I am reading the proof of the theorem that every alternating group $A_n$ is simple for $n \ge 5$ in Artin's Algebra.
In one step, Artin said
We are given that $N$ is a normal subgroup and that it contains a permutation $x$ different from the identity ... Our first step is to note that a suitable power of $x$ will have prime order, say order $l$. We may replace $x$ by this power, so we may assume that $x$ has order $l$. Then the cycle decomposition of $x$ will consist of $l$-cycles and $1$-cycles.

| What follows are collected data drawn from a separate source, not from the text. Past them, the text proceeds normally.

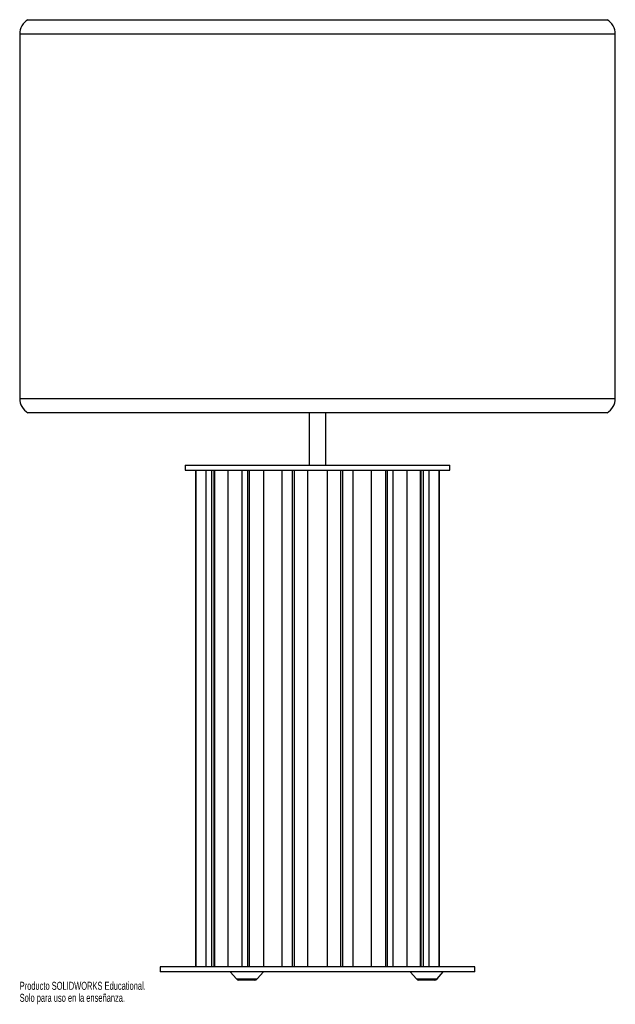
# Paper-space layout '_Izquierda' of a CAD drawing. Header units: millimetres. Extents: x 220 to 580, y -487 to 107.
import ezdxf

# ---------------------------------------------------------------- set-up
doc = ezdxf.new("R2010")
doc.units = ezdxf.units.MM
doc.styles.add('SLDTEXTSTYLE0', font='TXT', dxfattribs={"width": 0.7})

psp = doc.layouts.new('_Izquierda')

# ---------------------------------------------------------------- linework, layer by layer
at = {"color": 7, "linetype": 'Continuous', "lineweight": 25}
for p, q in [((225, 107.27), (575, 107.27)), ((220, 98.61), (220, -121.39)), ((580, -121.39), (580, 98.61)), ((575, -130.05), (225, -130.05)), ((395, -130.05), (395, -161.68)), ((405, -161.68), (405, -130.05)), ((320, -161.68), (320, -164.68)), ((320, -161.68), (480, -161.68)), ((320, -164.68), (480, -164.68)), ((326.18, -164.68), (326.18, -464.68)), ((326.32, -164.68), (326.32, -464.68)), ((326.57, -464.68), (326.57, -164.68)), ((332.5, -164.68), (332.5, -464.68)), ((335.97, -164.68), (335.97, -464.68)), ((337.28, -164.68), (337.28, -464.68)), ((338.01, -464.68), (338.01, -164.68)), ((345.83, -164.68), (345.83, -464.68)), ((354.29, -164.68), (354.29, -464.68)), ((357.79, -164.68), (357.79, -464.68)), ((358.88, -464.68), (358.88, -164.68)), ((367.41, -164.68), (367.41, -464.68)), ((378.58, -464.68), (378.58, -164.68)), ((384.72, -164.68), (384.72, -464.68)), ((386.02, -464.68), (386.02, -164.68)), ((393.96, -164.68), (393.96, -464.68)), ((406.04, -464.68), (406.04, -164.68)), ((413.98, -164.68), (413.98, -464.68)), ((415.28, -464.68), (415.28, -164.68)), ((421.42, -164.68), (421.42, -464.68)), ((432.59, -464.68), (432.59, -164.68)), ((441.12, -164.68), (441.12, -464.68)), ((442.21, -464.68), (442.21, -164.68)), ((445.71, -464.68), (445.71, -164.68)), ((454.17, -464.68), (454.17, -164.68)), ((461.99, -164.68), (461.99, -464.68)), ((462.72, -464.68), (462.72, -164.68)), ((464.03, -464.68), (464.03, -164.68)), ((467.5, -464.68), (467.5, -164.68)), ((473.43, -164.68), (473.43, -464.68)), ((473.68, -464.68), (473.68, -164.68)), ((473.82, -464.68), (473.82, -164.68)), ((480, -164.68), (480, -161.68)), ((305, -464.68), (305, -467.68)), ((495, -464.68), (305, -464.68)), ((495, -467.68), (305, -467.68)), ((347.29, -467.68), (351.03, -472)), ((363.54, -472), (367.29, -467.68)), ((363.62, -472), (367.37, -467.68)), ((456, -467.68), (459.75, -472)), ((472.25, -472), (476, -467.68)), ((495, -467.68), (495, -464.68)), ((362.11, -472.68), (352.54, -472.68)), ((470.74, -472.68), (461.26, -472.68))]:
    psp.add_line(p, q, dxfattribs=at)
at = {"color": 8, "linetype": 'Continuous', "lineweight": 25}
for p, q in [((580, 98.61), (220, 98.61)), ((220, -121.39), (580, -121.39)), ((351.03, -472), (363.62, -472)), ((459.75, -472), (472.25, -472))]:
    psp.add_line(p, q, dxfattribs=at)
at = {"color": 7, "linetype": 'Continuous', "lineweight": 25}
for centre, radius, start, end in [((230, 98.61), 10, 120, 180), ((570, 98.61), 10, 0, 60), ((230, -121.39), 10, 180, 240), ((570, -121.39), 10, 300, 0), ((352.54, -470.68), 2, 221, 270), ((362.03, -470.68), 2, 270, 319), ((362.11, -470.68), 2, 270, 319), ((461.26, -470.68), 2, 221, 270), ((470.74, -470.68), 2, 270, 319)]:
    psp.add_arc(centre, radius, start, end, dxfattribs=at)

# ---------------------------------------------------------------- texts
at = {"color": 7, "linetype": 'Continuous', "char_height": 4.8336, "attachment_point": 1, "style": 'SLDTEXTSTYLE0'}
for s, insert in [('Producto SOLIDWORKS Educational.', (220, -473.7)), ('Solo para uso en la enseñanza.', (220, -480.95))]:
    psp.add_mtext(s, dxfattribs=dict(at, insert=insert))

doc.saveas('drawing.dxf')

I think I understand the first statement (correct me if I am wrong) because $N$ is finite and hence $x^L=e$ for some $L$. We can always find a prime factor $l$ of $L$ and write it as $(x^{(L/l)})^l=e$.
But I don't understand how he can arrive at the last statement, that the cycle decomposition of $x$ will consist of $l$-cycles and $1$-cycles.
Moreover, later in his proof, he said
Case 1: $x$ has order $l \ge 5$.
How the indices are numbered is irrelevant, so we may supposed that $x$ contains the $l$-cycle $(12345\cdots l)$, say $x=(12345\cdots l)y$, where $y$ is a permutation of the remaining indices...
But didn't he just stated that the cycle decomposition of $x$ consists only of $l$-cycles and $1$-cycles?
Let $\sigma=\sigma_1\sigma_2\sigma_3 [...] \sigma_n$, where $\sigma_i$ are all disjoint cycles. If the order of $\sigma$ is $l$ for prime $l$ and the order of $\sigma_i$ is $r_i$, then $l$ is the least common multiple of $r_1, r_2, r_3, [...], r_n$ since that's how the order of products of elements works. Thus, $r_i \mid l$, so $r_i$ is $1$ or $l$. Therefore, $\sigma$ is the product of disjoint $l$-cycles or $1$-cycles. This is a pretty common theorem, so Artin must've assumed the reader already knew about it.
Also, in the last statement, he's simply taking out an $l$-cycle from the decomposition of $x$. Since you know the decomposition of $x$ is just $l$-cycles and $1$-cycles, then $y$ is just a bunch of $l$-cycles and $1$-cycles composed together. There is no contradiction with the first statement.